Jhonatan Solano and his brother, Donovan, both made their Major League debuts in 2012. Jhonatan threw out 38 percent of runners with the Nationals this season and has a history of being reliable behind the plate. He hit .314 in his September call-up through 12 games played. Baseball has a history of ‘catching families' and the Solanos may very well be the next chapter in this story.
Hector Noesi and Blake Beavan did not flash enough ‘stuff' in 2012 to justify an Opening Day rotation nod in 2013, though I believe Beavan will be in long relief to start the season. Villanueva is an experienced pitcher, tossing 56 starts and appearing in a total of 301 games in seven years of Major League playing time. He has posted a 4.26 ERA with an impressive 571 strikeouts to 229 walks allowed (2.49 SO/BB) in his career. He earned $2.28 million in 2012 and should earn a bump to the $3.5 million dollar neighborhood in 2013.
Vargas allowed 35 home runs in 33 starts in 2012, un-settling the minds of many Mariners fans who await the wall dimension changes in 2013. He's an experienced left-hander who will cost the Mariners less money in a ‘re-up' deal rather than taking a stab at him on the market or looking elsewhere for a ‘#2/#3' arm. He will undoubtedly request, and deserves, to be placed above Iwakuma in payroll and could earn a 2-year deal at $7 million per season, no options.

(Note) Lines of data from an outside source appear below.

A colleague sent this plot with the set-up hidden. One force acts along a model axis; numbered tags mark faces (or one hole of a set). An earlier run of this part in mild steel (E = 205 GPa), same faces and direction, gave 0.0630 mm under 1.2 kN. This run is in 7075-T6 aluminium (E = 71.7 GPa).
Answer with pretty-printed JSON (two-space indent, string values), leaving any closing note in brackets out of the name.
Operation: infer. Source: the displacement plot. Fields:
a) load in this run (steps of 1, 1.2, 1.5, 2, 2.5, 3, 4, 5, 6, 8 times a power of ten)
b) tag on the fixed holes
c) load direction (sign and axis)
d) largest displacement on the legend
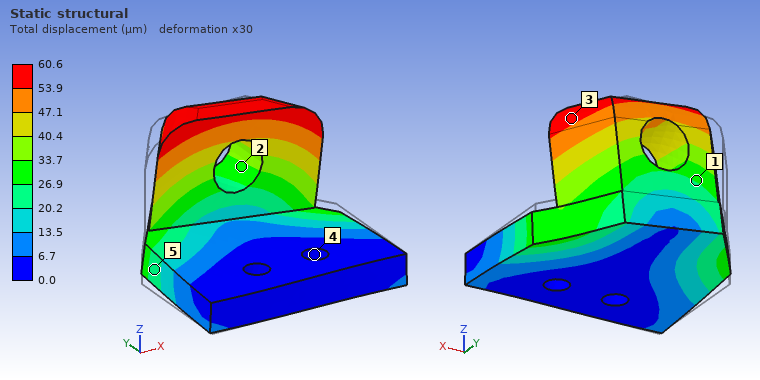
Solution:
{
  "load in this run": "400 N",
  "tag on the fixed holes": "4",
  "load direction": "+X",
  "largest displacement on the legend": "60.6 µm"
}
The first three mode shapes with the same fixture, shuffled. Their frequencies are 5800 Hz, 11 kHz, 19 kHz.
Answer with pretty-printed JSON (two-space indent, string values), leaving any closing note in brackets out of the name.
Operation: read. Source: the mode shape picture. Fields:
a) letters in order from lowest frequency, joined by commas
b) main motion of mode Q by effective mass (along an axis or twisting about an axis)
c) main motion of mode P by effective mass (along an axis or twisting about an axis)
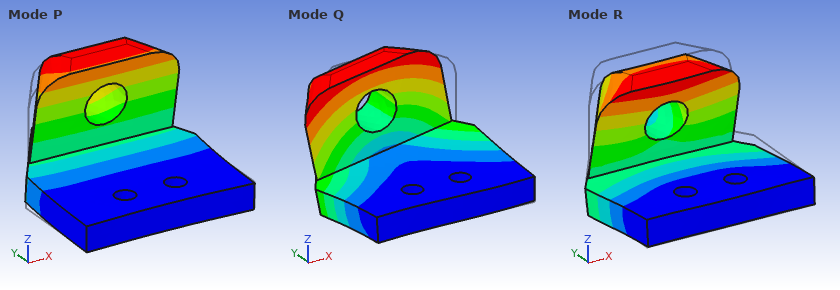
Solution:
{
  "letters in order from lowest frequency, joined by commas": "P, Q, R",
  "main motion of mode Q by effective mass": "along X",
  "main motion of mode P by effective mass": "along Z"
}
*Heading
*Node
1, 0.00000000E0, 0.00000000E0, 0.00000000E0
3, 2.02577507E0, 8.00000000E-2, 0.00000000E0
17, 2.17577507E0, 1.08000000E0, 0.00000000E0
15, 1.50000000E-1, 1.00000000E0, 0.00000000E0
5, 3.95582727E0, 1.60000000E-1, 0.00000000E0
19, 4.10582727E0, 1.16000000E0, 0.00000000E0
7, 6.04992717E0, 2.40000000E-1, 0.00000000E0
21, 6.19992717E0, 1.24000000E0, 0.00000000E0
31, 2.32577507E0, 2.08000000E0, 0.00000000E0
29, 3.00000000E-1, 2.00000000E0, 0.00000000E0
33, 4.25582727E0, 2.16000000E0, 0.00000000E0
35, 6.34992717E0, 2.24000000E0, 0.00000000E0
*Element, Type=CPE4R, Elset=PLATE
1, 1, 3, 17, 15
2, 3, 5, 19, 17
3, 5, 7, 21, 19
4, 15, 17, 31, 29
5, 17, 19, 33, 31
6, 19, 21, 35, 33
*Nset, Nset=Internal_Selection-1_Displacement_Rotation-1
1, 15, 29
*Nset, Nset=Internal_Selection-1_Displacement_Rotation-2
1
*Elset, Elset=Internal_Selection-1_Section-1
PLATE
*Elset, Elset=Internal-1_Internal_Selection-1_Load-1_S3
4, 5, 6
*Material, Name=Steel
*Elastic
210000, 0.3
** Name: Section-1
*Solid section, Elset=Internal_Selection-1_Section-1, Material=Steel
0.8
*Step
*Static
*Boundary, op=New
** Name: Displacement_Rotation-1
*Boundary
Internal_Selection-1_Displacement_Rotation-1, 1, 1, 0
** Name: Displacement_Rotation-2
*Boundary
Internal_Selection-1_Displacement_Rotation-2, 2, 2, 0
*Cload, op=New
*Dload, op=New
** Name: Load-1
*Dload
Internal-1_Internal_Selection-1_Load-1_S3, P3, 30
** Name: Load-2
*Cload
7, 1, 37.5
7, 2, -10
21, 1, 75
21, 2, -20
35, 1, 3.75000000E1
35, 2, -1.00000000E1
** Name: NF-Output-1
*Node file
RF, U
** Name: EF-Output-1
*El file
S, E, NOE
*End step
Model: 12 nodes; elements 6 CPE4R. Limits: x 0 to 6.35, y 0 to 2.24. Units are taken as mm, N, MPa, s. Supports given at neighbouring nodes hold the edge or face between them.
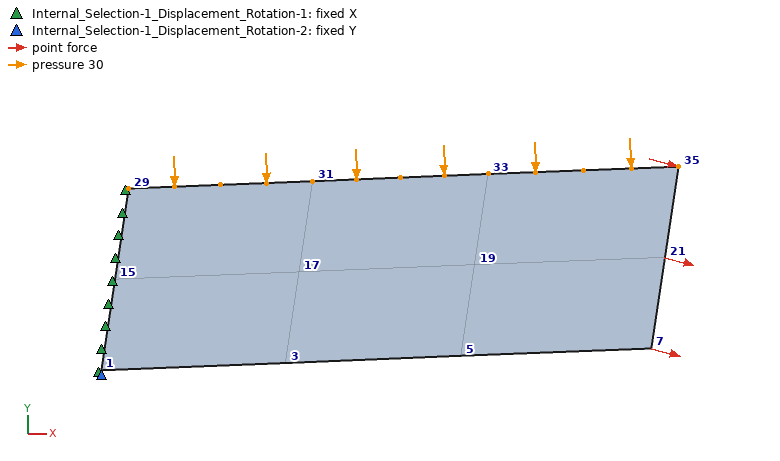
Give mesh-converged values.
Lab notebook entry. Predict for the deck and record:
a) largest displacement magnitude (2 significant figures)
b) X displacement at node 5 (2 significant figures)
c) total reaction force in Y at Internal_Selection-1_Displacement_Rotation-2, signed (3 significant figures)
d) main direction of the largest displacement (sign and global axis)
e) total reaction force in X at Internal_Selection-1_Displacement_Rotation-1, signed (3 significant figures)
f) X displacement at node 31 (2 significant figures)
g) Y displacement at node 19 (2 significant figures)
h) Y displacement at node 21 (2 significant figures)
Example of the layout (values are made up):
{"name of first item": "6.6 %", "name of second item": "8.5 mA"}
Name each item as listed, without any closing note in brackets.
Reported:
{"largest displacement magnitude": "0.080 mm", "X displacement at node 5": "-0.010 mm", "total reaction force in Y at Internal_Selection-1_Displacement_Rotation-2, signed": "185 N", "main direction of the largest displacement": "-Y", "total reaction force in X at Internal_Selection-1_Displacement_Rotation-1, signed": "-156 N", "X displacement at node 31": "0.011 mm", "Y displacement at node 19": "-0.041 mm", "Y displacement at node 21": "-0.073 mm"}
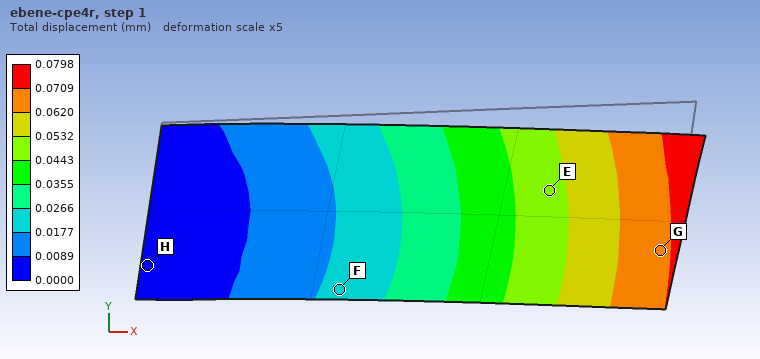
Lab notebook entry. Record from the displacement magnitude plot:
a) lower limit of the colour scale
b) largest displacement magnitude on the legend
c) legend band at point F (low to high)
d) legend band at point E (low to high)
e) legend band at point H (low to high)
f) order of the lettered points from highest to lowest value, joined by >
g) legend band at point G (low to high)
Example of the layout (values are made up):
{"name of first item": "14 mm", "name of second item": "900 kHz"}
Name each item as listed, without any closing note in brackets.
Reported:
{"lower limit of the colour scale": "0.0000 mm", "largest displacement magnitude on the legend": "0.0798 mm", "legend band at point F": "0.0177 to 0.0266 mm", "legend band at point E": "0.0443 to 0.0532 mm", "legend band at point H": "0.0000 to 0.0089 mm", "order of the lettered points from highest to lowest value, joined by >": "G > E > F > H", "legend band at point G": "0.0620 to 0.0709 mm"}
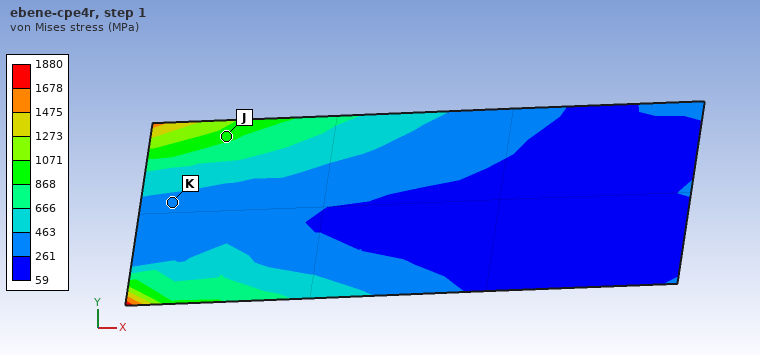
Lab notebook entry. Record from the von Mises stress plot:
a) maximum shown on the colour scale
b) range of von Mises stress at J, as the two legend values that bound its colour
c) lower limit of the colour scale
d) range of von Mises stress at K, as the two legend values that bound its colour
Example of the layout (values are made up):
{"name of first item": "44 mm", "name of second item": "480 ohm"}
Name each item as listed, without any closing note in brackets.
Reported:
{"maximum shown on the colour scale": "1880 MPa", "range of von Mises stress at J, as the two legend values that bound its colour": "868 to 1071 MPa", "lower limit of the colour scale": "59 MPa", "range of von Mises stress at K, as the two legend values that bound its colour": "261 to 463 MPa"}
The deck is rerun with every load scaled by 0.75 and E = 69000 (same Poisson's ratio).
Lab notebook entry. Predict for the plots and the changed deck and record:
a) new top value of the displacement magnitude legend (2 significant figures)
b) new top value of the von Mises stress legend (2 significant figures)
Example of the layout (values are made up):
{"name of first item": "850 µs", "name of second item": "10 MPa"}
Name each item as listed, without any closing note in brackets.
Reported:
{"new top value of the displacement magnitude legend": "0.18 mm", "new top value of the von Mises stress legend": "1400 MPa"}

With the assumed availability of Nick Franklin and Carlos Triunfel this off-season I find it hard to imagine a scenario where the Mariners do not bring back their current shortstop, Brendan Ryan. Though he did not ‘earn' Gold Glove honors this season, he was awarded the Fielding Bible Award at his position and in the eyes of many analysts if the top fielding shortstop in baseball. Ryan is entering his third and final year of arbitration, meaning the club will not have to sign him to a multi-year extension to keep him a part of the 2013 roster. Ryan is a .244 career hitter, following his .194 average in 2012, and does not project to repeat his dubious offensive numbers for the second season in a row. Arbitration, in this case, is a good way for the Seattle Mariners to keep control over a premium position for one more season while the minor league system develops further. With his bat outweighing his defense in arbitration talks I believe it wouldn't take much more than $3 million a season to keep him in Seattle.
Here is what all of the above means:
Total Payroll obligations from the 25-man roster: $88,550,000
Total 25-man oWAR (Offensive Wins Above Replacement): 17.3
Equaling a total of $5.12 million per oWAR point, above league average, but an improvement from 2012.
It would be wonderful if I was a modern day Nostradamus and ran the table with the scenarios above. I will settle for you, the reader, having a better idea of what the Mariners will be pursuing this off-season and what they have to sacrifice to achieve it.